- **Materials provided**
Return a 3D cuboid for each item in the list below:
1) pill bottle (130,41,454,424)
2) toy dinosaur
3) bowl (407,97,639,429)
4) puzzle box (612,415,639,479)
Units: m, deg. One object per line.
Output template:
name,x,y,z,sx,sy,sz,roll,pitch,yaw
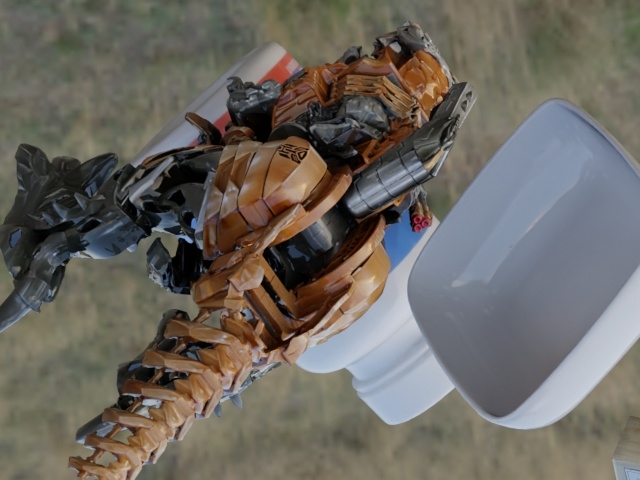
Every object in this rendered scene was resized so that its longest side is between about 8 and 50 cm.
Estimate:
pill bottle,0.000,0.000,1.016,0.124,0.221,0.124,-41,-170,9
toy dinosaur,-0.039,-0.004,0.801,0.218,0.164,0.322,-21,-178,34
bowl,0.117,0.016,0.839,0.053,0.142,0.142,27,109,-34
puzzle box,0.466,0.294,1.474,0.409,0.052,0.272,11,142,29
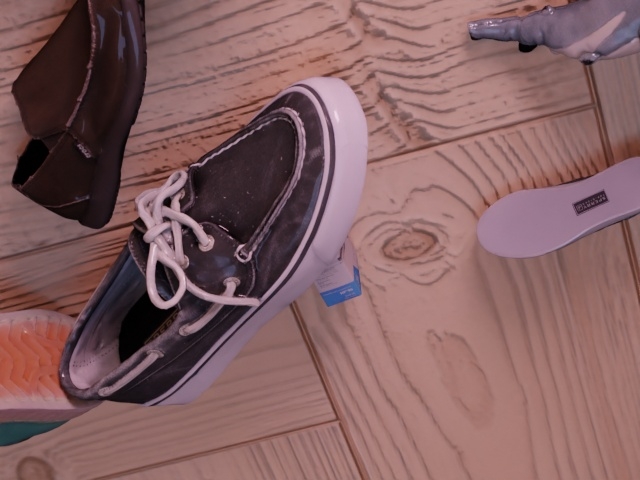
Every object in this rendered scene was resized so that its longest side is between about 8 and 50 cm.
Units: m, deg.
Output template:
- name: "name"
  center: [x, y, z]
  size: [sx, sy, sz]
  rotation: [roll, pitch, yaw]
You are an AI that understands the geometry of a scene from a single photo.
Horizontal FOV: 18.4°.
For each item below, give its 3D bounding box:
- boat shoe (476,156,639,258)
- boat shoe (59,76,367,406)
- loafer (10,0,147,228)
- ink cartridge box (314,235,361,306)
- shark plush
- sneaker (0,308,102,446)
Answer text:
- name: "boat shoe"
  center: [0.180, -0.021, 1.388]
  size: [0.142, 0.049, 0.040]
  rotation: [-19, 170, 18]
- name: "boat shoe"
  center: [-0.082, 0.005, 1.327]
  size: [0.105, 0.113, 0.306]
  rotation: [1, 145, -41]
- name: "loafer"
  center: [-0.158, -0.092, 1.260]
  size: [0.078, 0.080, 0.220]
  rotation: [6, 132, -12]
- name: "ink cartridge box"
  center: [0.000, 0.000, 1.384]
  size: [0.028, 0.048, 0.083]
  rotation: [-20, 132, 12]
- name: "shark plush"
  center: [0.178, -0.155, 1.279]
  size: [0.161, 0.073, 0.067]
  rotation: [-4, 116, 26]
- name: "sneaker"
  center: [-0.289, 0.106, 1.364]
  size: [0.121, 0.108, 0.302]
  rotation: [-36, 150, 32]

- **Problem description**
Tally up the lines in the records that contain the word "below" and give only the total.

- **Solved problem**
2